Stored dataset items
Content starts
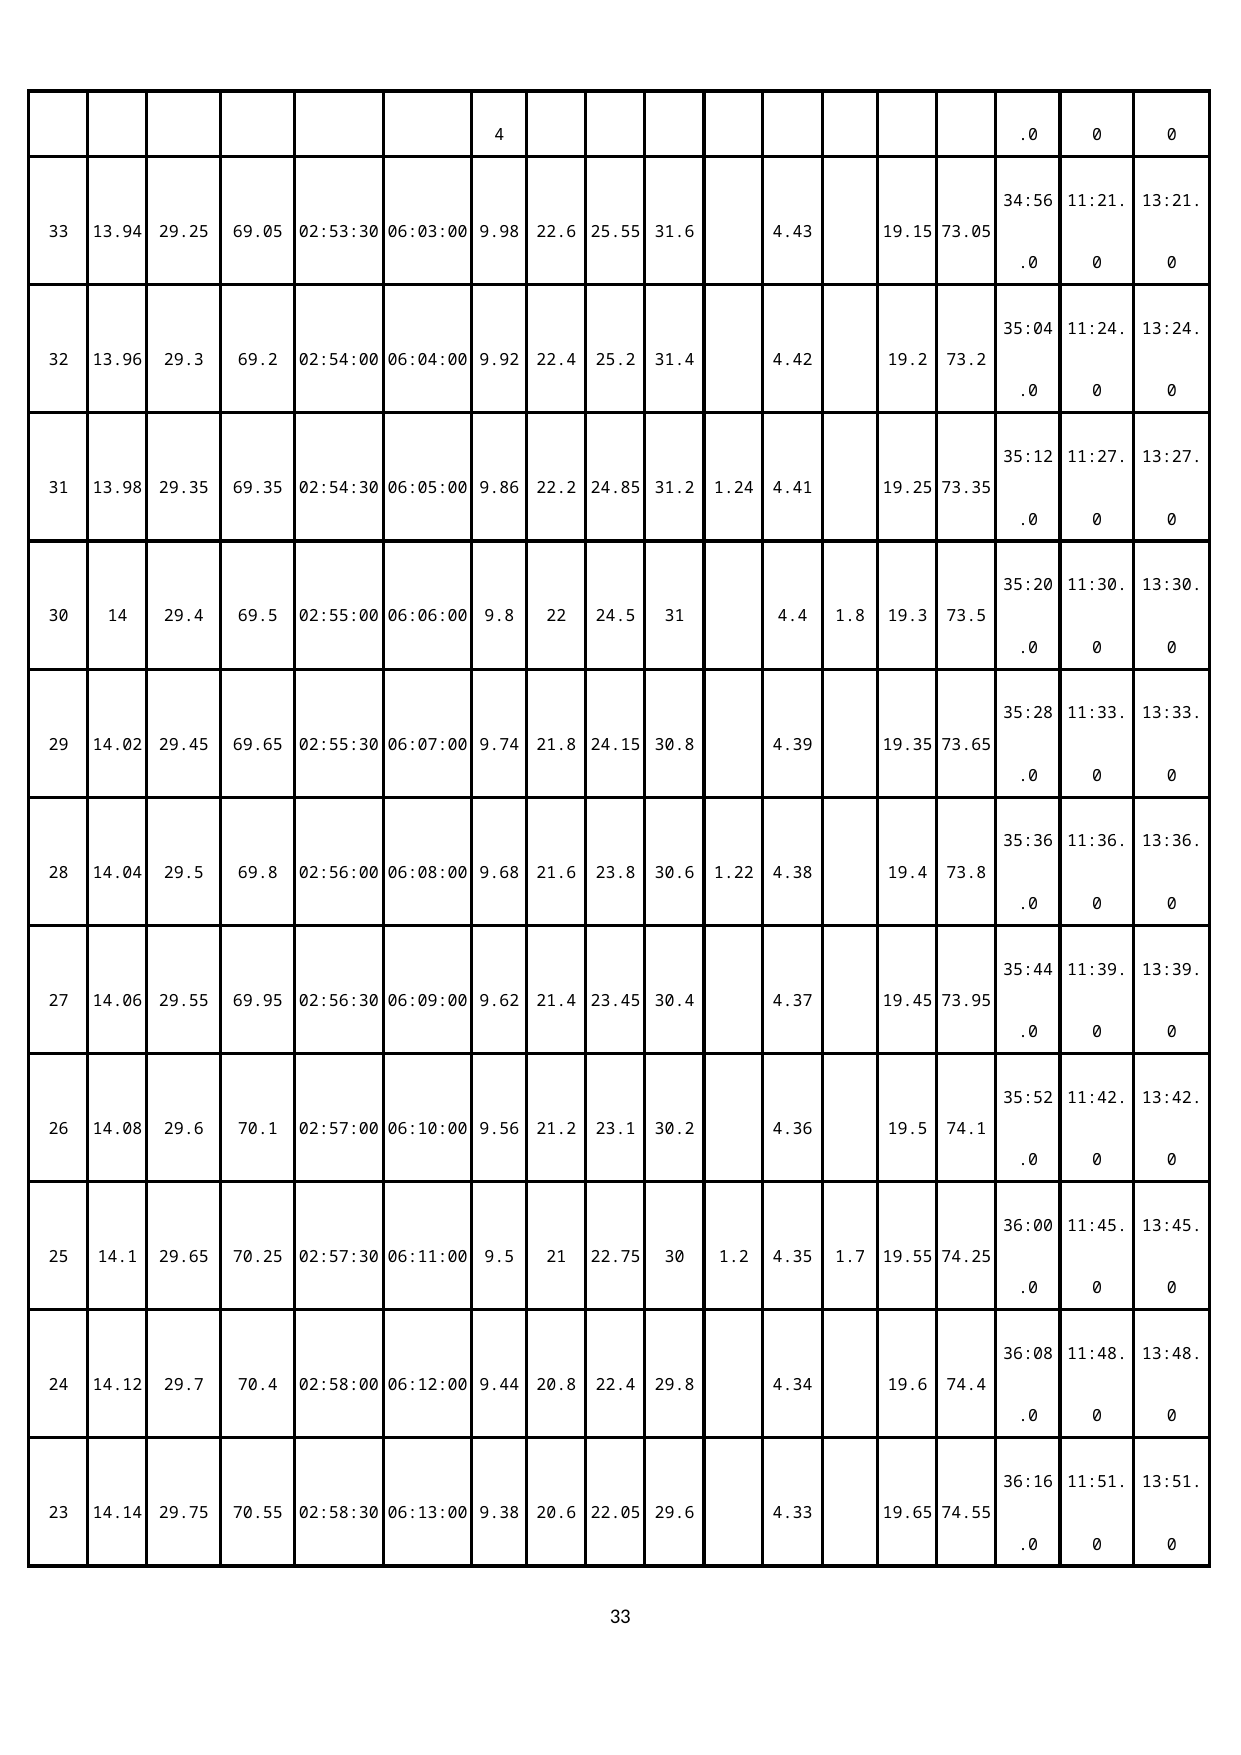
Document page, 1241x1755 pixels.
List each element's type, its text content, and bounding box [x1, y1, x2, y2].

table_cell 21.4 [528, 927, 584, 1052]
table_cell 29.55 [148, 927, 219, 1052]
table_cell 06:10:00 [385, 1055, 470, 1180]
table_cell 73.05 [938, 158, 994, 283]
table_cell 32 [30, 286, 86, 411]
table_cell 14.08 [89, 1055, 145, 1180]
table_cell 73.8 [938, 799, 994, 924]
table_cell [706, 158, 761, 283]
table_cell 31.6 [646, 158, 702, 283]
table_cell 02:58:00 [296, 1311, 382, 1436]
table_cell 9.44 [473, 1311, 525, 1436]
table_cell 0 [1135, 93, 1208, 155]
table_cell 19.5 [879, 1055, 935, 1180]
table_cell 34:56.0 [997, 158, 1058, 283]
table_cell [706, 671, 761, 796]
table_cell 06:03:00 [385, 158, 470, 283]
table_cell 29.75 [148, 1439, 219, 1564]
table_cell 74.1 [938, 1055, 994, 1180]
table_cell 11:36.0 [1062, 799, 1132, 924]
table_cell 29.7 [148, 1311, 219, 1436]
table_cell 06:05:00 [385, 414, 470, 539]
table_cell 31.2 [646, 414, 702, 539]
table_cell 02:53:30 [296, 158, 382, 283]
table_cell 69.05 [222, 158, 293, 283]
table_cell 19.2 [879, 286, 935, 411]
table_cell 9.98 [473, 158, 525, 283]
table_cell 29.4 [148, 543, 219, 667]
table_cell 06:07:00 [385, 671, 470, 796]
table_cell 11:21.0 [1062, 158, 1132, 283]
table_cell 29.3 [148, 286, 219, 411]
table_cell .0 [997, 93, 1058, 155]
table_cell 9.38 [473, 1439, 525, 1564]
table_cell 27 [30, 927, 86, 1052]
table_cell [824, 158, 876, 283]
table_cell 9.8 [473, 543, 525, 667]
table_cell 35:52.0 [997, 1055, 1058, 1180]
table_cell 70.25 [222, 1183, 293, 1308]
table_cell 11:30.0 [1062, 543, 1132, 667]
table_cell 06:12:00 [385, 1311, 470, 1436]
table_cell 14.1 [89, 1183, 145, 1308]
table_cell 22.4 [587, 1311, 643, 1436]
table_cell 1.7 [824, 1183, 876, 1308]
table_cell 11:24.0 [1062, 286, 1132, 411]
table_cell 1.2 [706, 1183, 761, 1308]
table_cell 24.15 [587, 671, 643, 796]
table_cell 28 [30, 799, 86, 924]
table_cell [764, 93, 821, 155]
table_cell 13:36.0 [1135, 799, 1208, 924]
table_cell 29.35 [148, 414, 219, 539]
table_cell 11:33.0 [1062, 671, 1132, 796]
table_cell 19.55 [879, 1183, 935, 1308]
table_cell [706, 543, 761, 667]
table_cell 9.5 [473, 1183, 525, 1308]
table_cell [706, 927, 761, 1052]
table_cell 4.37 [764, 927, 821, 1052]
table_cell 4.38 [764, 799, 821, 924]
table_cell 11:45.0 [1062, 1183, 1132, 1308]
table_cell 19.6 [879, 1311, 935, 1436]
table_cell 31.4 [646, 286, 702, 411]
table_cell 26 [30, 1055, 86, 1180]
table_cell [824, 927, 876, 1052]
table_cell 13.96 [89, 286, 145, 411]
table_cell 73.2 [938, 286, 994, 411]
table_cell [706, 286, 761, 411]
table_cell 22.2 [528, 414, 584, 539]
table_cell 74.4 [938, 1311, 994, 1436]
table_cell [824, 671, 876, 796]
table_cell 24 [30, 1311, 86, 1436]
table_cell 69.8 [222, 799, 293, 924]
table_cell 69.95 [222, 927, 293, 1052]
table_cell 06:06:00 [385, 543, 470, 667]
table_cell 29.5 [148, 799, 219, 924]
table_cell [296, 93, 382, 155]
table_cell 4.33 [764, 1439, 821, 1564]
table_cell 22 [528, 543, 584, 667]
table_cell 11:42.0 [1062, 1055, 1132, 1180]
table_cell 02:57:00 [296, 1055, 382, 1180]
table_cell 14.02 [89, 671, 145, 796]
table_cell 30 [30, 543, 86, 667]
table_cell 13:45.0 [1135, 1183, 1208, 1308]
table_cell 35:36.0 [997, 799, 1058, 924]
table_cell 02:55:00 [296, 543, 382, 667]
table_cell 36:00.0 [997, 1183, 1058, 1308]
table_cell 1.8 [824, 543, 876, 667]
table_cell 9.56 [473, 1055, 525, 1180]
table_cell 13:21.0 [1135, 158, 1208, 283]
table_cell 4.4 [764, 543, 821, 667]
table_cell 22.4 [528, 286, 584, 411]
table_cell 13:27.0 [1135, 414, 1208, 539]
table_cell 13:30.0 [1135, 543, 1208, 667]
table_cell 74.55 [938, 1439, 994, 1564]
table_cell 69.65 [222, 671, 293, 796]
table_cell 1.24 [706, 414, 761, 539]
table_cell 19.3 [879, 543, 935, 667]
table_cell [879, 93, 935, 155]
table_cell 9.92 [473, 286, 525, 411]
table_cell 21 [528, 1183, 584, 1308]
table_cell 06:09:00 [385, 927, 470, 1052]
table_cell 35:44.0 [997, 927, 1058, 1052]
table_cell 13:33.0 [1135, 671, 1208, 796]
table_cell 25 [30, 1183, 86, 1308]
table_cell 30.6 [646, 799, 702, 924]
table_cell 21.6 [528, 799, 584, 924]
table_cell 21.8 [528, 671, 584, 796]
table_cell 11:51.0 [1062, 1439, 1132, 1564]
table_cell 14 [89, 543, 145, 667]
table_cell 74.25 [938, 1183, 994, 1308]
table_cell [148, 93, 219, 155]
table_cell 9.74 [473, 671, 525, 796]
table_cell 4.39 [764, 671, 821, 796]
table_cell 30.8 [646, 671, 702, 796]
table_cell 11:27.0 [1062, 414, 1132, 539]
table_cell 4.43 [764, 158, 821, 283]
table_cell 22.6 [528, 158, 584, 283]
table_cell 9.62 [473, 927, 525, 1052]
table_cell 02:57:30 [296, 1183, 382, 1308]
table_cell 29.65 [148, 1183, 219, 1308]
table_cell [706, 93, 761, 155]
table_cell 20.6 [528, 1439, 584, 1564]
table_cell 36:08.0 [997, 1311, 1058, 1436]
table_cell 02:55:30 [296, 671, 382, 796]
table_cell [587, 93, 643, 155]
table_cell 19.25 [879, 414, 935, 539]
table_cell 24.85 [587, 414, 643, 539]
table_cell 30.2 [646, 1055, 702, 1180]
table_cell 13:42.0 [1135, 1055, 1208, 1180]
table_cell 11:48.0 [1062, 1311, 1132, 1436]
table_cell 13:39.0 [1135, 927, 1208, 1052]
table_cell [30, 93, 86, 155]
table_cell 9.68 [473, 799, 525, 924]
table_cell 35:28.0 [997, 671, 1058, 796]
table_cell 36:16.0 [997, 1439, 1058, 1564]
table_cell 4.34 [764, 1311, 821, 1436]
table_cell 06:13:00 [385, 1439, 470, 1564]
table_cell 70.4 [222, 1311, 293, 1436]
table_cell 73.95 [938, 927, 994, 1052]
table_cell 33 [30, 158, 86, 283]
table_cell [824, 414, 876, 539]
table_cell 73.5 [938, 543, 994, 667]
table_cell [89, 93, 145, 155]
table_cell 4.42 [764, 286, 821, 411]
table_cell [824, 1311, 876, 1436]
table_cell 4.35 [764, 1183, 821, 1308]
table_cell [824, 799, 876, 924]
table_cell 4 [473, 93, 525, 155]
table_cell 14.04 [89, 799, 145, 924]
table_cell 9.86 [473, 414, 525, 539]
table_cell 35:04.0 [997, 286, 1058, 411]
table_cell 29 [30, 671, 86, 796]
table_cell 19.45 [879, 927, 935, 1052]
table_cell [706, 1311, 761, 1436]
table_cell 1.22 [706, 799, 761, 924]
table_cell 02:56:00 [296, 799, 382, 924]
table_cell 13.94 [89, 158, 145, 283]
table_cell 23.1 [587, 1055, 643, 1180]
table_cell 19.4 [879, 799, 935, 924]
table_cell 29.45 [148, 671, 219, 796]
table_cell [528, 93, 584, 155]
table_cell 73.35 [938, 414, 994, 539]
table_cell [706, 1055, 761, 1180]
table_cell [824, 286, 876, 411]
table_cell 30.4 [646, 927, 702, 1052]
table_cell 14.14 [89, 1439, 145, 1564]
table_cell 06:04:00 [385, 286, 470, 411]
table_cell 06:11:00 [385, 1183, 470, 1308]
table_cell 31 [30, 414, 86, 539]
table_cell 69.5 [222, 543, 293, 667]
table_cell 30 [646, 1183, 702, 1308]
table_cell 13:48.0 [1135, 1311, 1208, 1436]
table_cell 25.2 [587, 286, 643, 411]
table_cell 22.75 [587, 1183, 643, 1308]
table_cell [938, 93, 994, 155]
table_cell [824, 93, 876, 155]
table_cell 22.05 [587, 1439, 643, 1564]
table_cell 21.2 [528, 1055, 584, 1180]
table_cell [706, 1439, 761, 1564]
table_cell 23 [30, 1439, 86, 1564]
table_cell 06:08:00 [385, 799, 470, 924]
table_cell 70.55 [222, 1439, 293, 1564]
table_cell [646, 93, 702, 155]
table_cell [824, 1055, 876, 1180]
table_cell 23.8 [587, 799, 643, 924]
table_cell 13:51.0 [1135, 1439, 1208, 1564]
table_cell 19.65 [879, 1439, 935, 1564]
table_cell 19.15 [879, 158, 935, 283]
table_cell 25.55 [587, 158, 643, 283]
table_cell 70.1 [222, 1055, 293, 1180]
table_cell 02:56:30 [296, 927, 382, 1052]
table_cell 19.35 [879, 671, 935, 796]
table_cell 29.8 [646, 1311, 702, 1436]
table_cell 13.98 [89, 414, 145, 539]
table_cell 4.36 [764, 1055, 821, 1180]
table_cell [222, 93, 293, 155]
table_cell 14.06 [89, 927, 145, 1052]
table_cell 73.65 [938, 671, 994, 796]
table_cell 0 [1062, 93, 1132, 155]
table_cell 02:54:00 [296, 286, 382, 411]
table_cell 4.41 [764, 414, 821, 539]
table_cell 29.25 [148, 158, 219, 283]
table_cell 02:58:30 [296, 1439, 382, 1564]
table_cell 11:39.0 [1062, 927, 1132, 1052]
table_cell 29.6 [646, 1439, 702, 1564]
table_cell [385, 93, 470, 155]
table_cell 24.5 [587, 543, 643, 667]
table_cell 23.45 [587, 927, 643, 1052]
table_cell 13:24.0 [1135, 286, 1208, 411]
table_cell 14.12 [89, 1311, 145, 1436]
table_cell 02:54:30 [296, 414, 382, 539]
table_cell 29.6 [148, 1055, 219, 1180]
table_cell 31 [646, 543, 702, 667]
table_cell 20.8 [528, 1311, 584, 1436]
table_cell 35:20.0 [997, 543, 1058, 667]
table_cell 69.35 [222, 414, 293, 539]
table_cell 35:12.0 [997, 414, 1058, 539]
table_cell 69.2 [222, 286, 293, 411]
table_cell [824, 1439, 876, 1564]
Content ends
▸ **WORK REQUIRED**:
Repeat word for word the lines above that run from the line containing "table_cell 11:45.0 [1062, 1183, 1132, 1308]" through the line containing "table_cell 11:51.0 [1062, 1439, 1132, 1564]", both ends included, and nothing else.

▸ **ANSWER BELOW**:
table_cell 11:45.0 [1062, 1183, 1132, 1308]
table_cell 19.6 [879, 1311, 935, 1436]
table_cell 31.4 [646, 286, 702, 411]
table_cell 26 [30, 1055, 86, 1180]
table_cell [824, 927, 876, 1052]
table_cell 13.96 [89, 286, 145, 411]
table_cell 73.2 [938, 286, 994, 411]
table_cell [706, 286, 761, 411]
table_cell 22.2 [528, 414, 584, 539]
table_cell 74.4 [938, 1311, 994, 1436]
table_cell [824, 671, 876, 796]
table_cell 24 [30, 1311, 86, 1436]
table_cell 69.8 [222, 799, 293, 924]
table_cell 69.95 [222, 927, 293, 1052]
table_cell 06:06:00 [385, 543, 470, 667]
table_cell 29.5 [148, 799, 219, 924]
table_cell [296, 93, 382, 155]
table_cell 4.33 [764, 1439, 821, 1564]
table_cell 22 [528, 543, 584, 667]
table_cell 11:42.0 [1062, 1055, 1132, 1180]
table_cell 02:57:00 [296, 1055, 382, 1180]
table_cell 14.02 [89, 671, 145, 796]
table_cell 30 [30, 543, 86, 667]
table_cell 13:45.0 [1135, 1183, 1208, 1308]
table_cell 35:36.0 [997, 799, 1058, 924]
table_cell 02:55:00 [296, 543, 382, 667]
table_cell 36:00.0 [997, 1183, 1058, 1308]
table_cell 1.8 [824, 543, 876, 667]
table_cell 9.56 [473, 1055, 525, 1180]
table_cell 13:21.0 [1135, 158, 1208, 283]
table_cell 4.4 [764, 543, 821, 667]
table_cell 22.4 [528, 286, 584, 411]
table_cell 13:27.0 [1135, 414, 1208, 539]
table_cell 13:30.0 [1135, 543, 1208, 667]
table_cell 74.55 [938, 1439, 994, 1564]
table_cell 69.65 [222, 671, 293, 796]
table_cell 1.24 [706, 414, 761, 539]
table_cell 19.3 [879, 543, 935, 667]
table_cell [879, 93, 935, 155]
table_cell 9.92 [473, 286, 525, 411]
table_cell 21 [528, 1183, 584, 1308]
table_cell 06:09:00 [385, 927, 470, 1052]
table_cell 35:44.0 [997, 927, 1058, 1052]
table_cell 13:33.0 [1135, 671, 1208, 796]
table_cell 25 [30, 1183, 86, 1308]
table_cell 30.6 [646, 799, 702, 924]
table_cell 21.6 [528, 799, 584, 924]
table_cell 21.8 [528, 671, 584, 796]
table_cell 11:51.0 [1062, 1439, 1132, 1564]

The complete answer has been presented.